From 7fca9ce178062d57e359dd60f09c513db2b9f9da Mon Sep 17 00:00:00 2001
From: Vivek Haldar <vh@vivekhaldar.com>
Date: Sun, 20 Nov 2022 16:36:30 -0800
Subject: [PATCH]

---
 whisper_edit.py | 219 ++++++++++++++++++++++++++++++++++++++++++++++++
 1 file changed, 219 insertions(+)
 create mode 100644 whisper_edit.py

diff --git a/whisper_edit.py b/whisper_edit.py
new file mode 100644
index 0000000..f16f0e5
--- /dev/null
+++ b/whisper_edit.py
@@ -0,0 +1,219 @@
+#!/usr/bin/env python3
+import whisper
+import sys
+import string
+import math
+from stable_whisper import modify_model
+from stable_whisper import stabilize_timestamps
+from stable_whisper import results_to_word_srt
+from stable_whisper import results_to_word_srt
+from moviepy.editor import AudioClip, VideoFileClip, concatenate_videoclips
+MODEL = 'base'
+# Store phonetic alphabet in a dictionary.
+phonetic_alphabet = {
+  'A': 'Alpha',
+  'B': 'Bravo',
+  'C': 'Charlie',
+  'D': 'Delta',
+  'E': 'Echo',
+  'F': 'Foxtrot',
+  'G': 'Golf',
+  'H': 'Hotel',
+  'I': 'India',
+  'J': 'Juliett',
+  'K': 'Kilo',
+  'L': 'Lima',
+  'M': 'Mike',
+  'N': 'November',
+  'O': 'Oscar',
+  'P': 'Papa',
+  'Q': 'Quebec',
+  'R': 'Romeo',
+  'S': 'Sierra',
+  'T': 'Tango',
+  'U': 'Uniform',
+  'V': 'Victor',
+  'W': 'Whiskey',
+  'X': 'X',
+  'Y': 'Yankee',
+  'Z': 'Zulu',
+}
+
+# Commands
+class Commands:
+  COMMAND_PREFIX = 'victor'
+  keep_segment = [COMMAND_PREFIX, 'kilo']
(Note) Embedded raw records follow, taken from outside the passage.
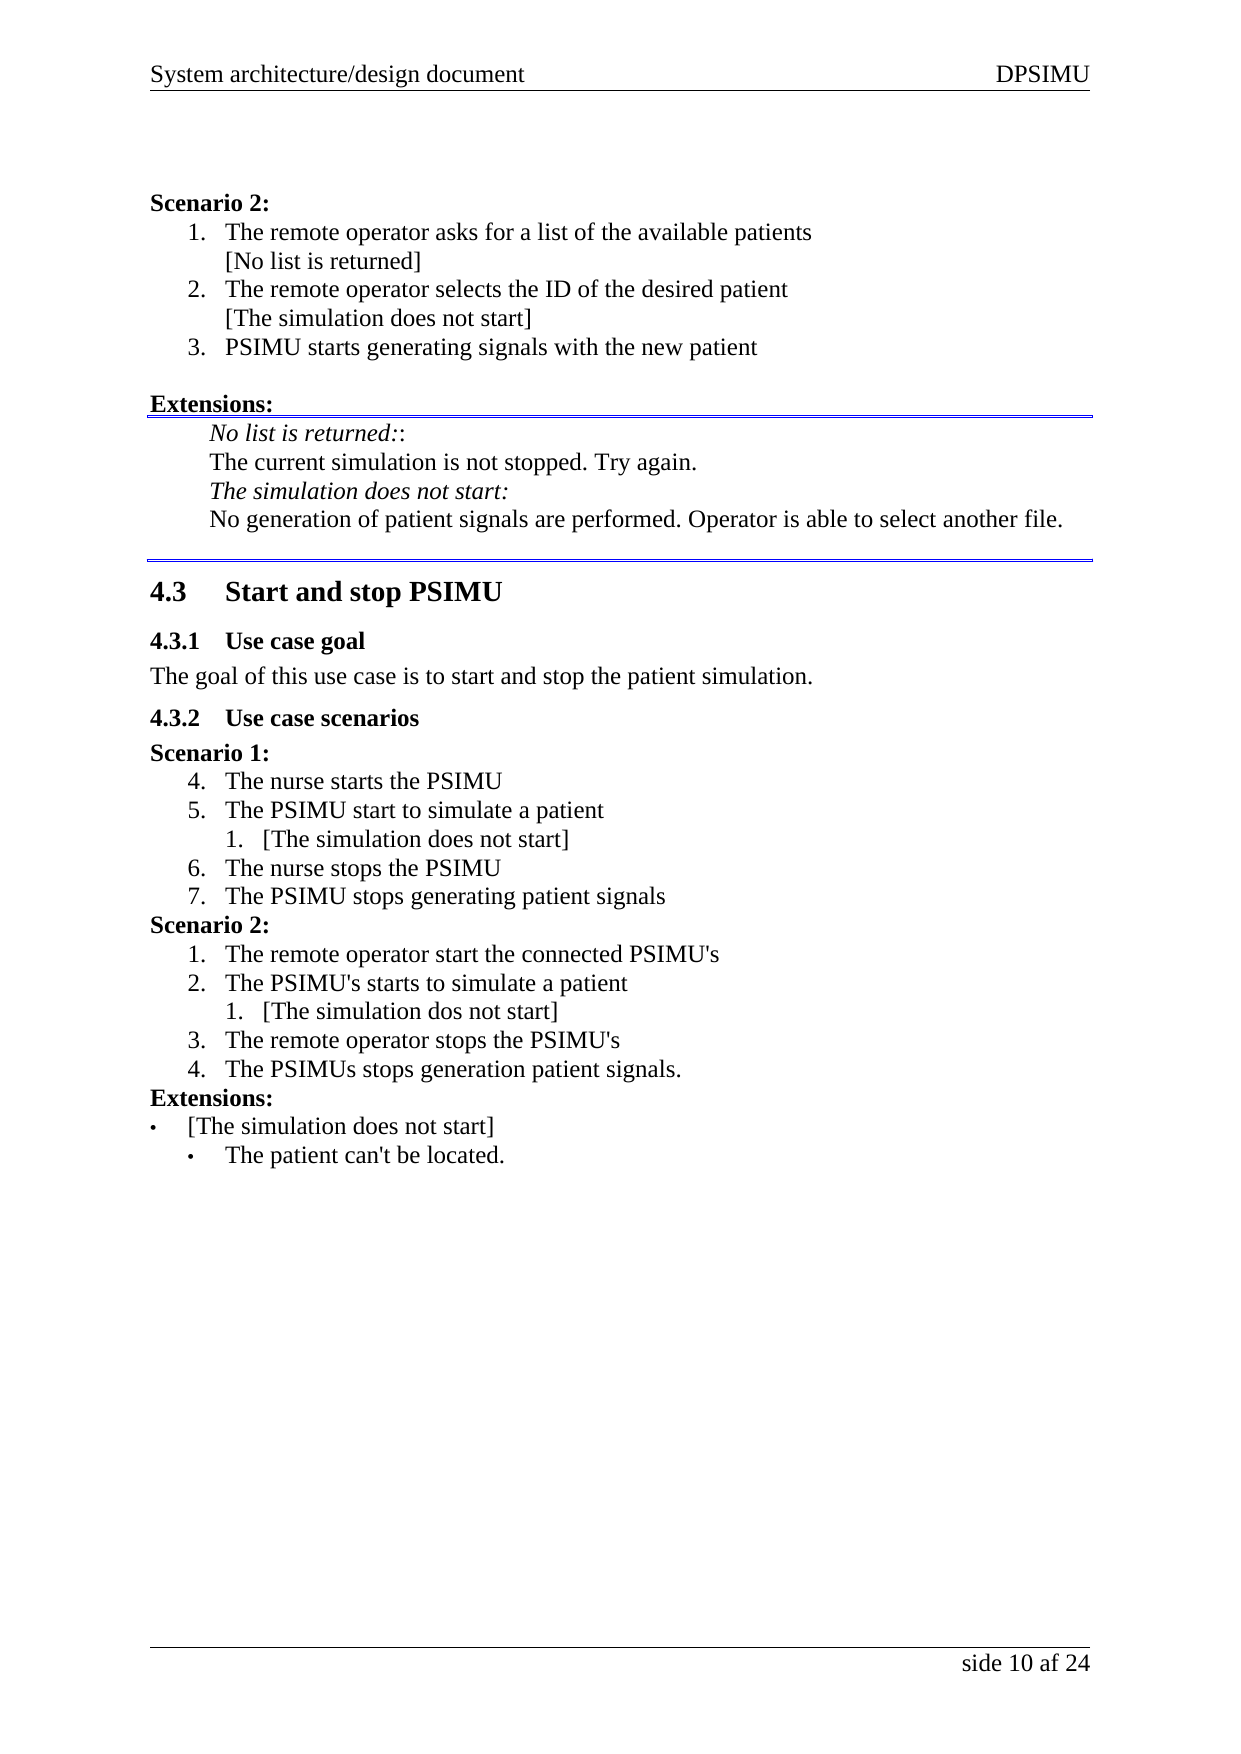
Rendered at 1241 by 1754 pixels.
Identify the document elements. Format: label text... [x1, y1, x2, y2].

list [The simulation does not start] [150, 1111, 1090, 1140]
list The PSIMU's starts to simulate a patient [187, 968, 1090, 996]
text Scenario 1: [150, 738, 1090, 766]
subtitle Use case goal [150, 626, 1090, 655]
text No list is returned:: [209, 418, 1090, 447]
text Scenario 2: [150, 188, 1090, 217]
list The remote operator selects the ID of the desired patient [187, 274, 1090, 303]
list The PSIMU start to simulate a patient [187, 795, 1090, 824]
list The remote operator stops the PSIMU's [187, 1025, 1090, 1054]
text The simulation does not start: [150, 476, 1090, 504]
text Extensions: [150, 389, 1090, 415]
text The goal of this use case is to start and stop the patient simulation. [150, 661, 1090, 690]
subtitle Use case scenarios [150, 703, 1090, 731]
list The remote operator asks for a list of the available patients [187, 217, 1090, 246]
list The PSIMU stops generating patient signals [187, 881, 1090, 910]
text Extensions: [150, 1083, 1090, 1111]
list The nurse stops the PSIMU [187, 853, 1090, 881]
list [The simulation dos not start] [225, 996, 1090, 1025]
list [The simulation does not start] [150, 303, 1090, 332]
list The PSIMUs stops generation patient signals. [187, 1054, 1090, 1083]
text Scenario 2: [150, 910, 1090, 939]
list The remote operator start the connected PSIMU's [187, 939, 1090, 968]
text The current simulation is not stopped. Try again. [209, 447, 1090, 476]
list The nurse starts the PSIMU [187, 766, 1090, 795]
list [No list is returned] [187, 246, 1090, 274]
list [The simulation does not start] [225, 824, 1090, 853]
subtitle Start and stop PSIMU [150, 574, 1090, 608]
list PSIMU starts generating signals with the new patient [187, 332, 1090, 361]
text No generation of patient signals are performed. Operator is able to select another file. [150, 504, 1090, 533]
list The patient can't be located. [187, 1140, 1090, 1169]
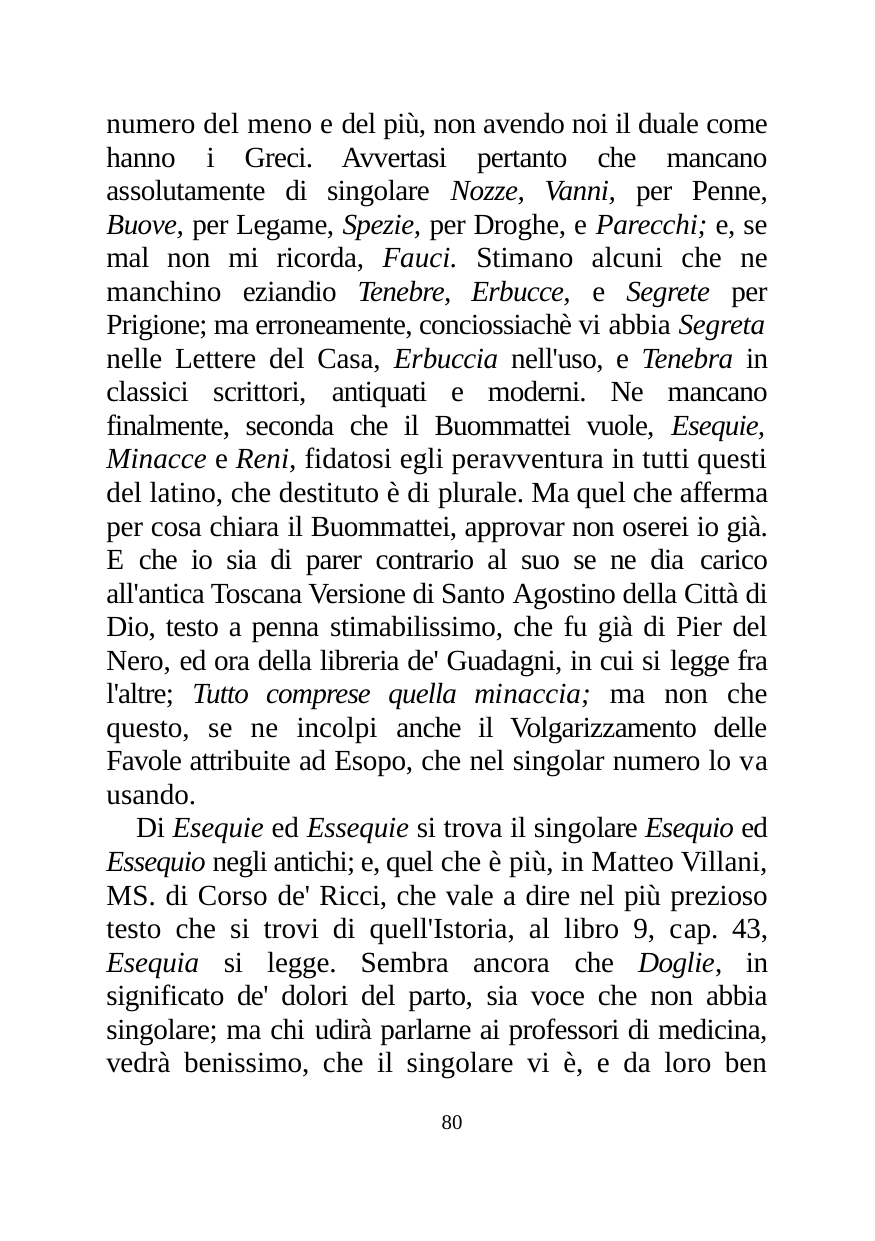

+  drop_segment = [COMMAND_PREFIX, 'delta']
+  chapter_break = [COMMAND_PREFIX, 'charlie']
+  COMMANDS = {
+    'keep_segment': keep_segment,
+    'drop_segment': drop_segment,
+    'chapter_break': chapter_break,
+  }
+input_file = 'input.mp4'
+output_file = 'output.mp4'
+def speech_to_text():
+  model = whisper.load_model(MODEL)
+  modify_model(model)
+  print('Speech to text...')
+  results = model.transcribe(input_file)
+  print('... done!\n')
+  return results
+def word_level_timestamps(parsed_speech_to_text):
+  print('Getting word-level timestamps...')
+  word_segments = stabilize_timestamps(parsed_speech_to_text, top_focus=True)
+  #print(word_segments)
+  print('... done!\n')
+  return word_segments
+def string_canonical(s):
+  # Remove punctuation.
+  no_punc = s.translate(str.maketrans('', '', string.punctuation))
+  return no_punc.strip().lower()
+
+# Return timestamp of (i + 1)th word. Used to get the ending timestamp
+# of a command.
+def timestamp_of_next_word(seg, i):
+  word_timestamps = seg['whole_word_timestamps']
+  num_words = len(word_timestamps)
+  if (i + 1) >= num_words:
+    # No more words in this segment.
+    return seg['end']
+  else:
+    return seg['whole_word_timestamps'][i + 1]['timestamp']
+
+def find_command_in_segment(seg):
+  word_timestamps = seg['whole_word_timestamps']
+  num_words = len(word_timestamps)
+  i = 0
+  while i < num_words:
+    word = string_canonical(word_timestamps[i]['word'])
+    # print(f'{word} ')
+    if word == Commands.COMMAND_PREFIX:
+      #print('! ')
+      time_command_start = word_timestamps[i]['timestamp']
+      i += 1
+      if i > num_words:
+        break
+      second_word_of_command = string_canonical(word_timestamps[i]['word'])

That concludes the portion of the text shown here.